- _Exercise goal_
Once you find the line containing "Work item: 3D" in the data below, copy it and each following line exactly, up to and including the line containing "(-17, 76, -18))", and nothing else.
====
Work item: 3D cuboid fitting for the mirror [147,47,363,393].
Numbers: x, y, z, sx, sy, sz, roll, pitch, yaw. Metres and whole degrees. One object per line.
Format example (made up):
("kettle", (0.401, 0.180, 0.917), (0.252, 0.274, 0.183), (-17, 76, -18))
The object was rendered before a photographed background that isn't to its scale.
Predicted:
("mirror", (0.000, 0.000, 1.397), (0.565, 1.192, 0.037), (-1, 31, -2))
====
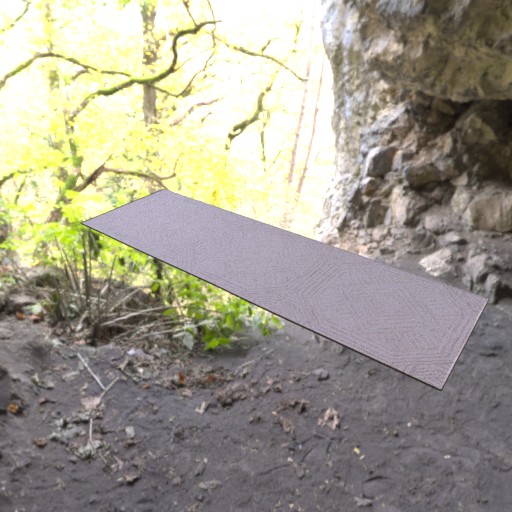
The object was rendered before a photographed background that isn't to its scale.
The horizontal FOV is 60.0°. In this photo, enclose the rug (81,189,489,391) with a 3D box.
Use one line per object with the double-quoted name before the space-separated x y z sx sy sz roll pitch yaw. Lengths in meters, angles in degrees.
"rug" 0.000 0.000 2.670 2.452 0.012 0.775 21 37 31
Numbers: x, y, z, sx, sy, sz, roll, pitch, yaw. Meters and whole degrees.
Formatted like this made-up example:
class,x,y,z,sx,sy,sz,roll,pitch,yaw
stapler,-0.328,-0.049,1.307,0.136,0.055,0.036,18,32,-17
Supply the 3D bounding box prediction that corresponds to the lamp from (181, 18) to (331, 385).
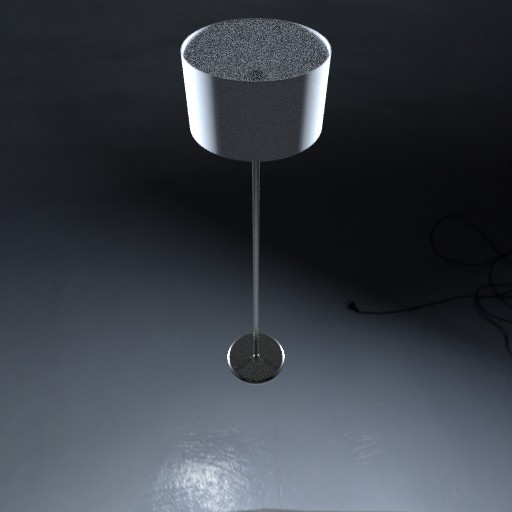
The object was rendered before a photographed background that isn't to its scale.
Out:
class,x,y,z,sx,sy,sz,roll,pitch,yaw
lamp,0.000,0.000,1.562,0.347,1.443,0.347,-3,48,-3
====
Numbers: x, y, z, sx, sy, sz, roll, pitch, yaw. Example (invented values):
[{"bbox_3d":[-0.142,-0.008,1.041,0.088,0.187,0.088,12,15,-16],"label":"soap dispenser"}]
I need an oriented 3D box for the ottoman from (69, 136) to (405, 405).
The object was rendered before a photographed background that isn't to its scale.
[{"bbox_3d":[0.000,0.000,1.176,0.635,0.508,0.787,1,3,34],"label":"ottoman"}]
====
- _Answer_
Work item: 3D cuboid fitting for the mirror [147,47,363,393].
Numbers: x, y, z, sx, sy, sz, roll, pitch, yaw. Metres and whole degrees. One object per line.
Format example (made up):
("kettle", (0.401, 0.180, 0.917), (0.252, 0.274, 0.183), (-17, 76, -18))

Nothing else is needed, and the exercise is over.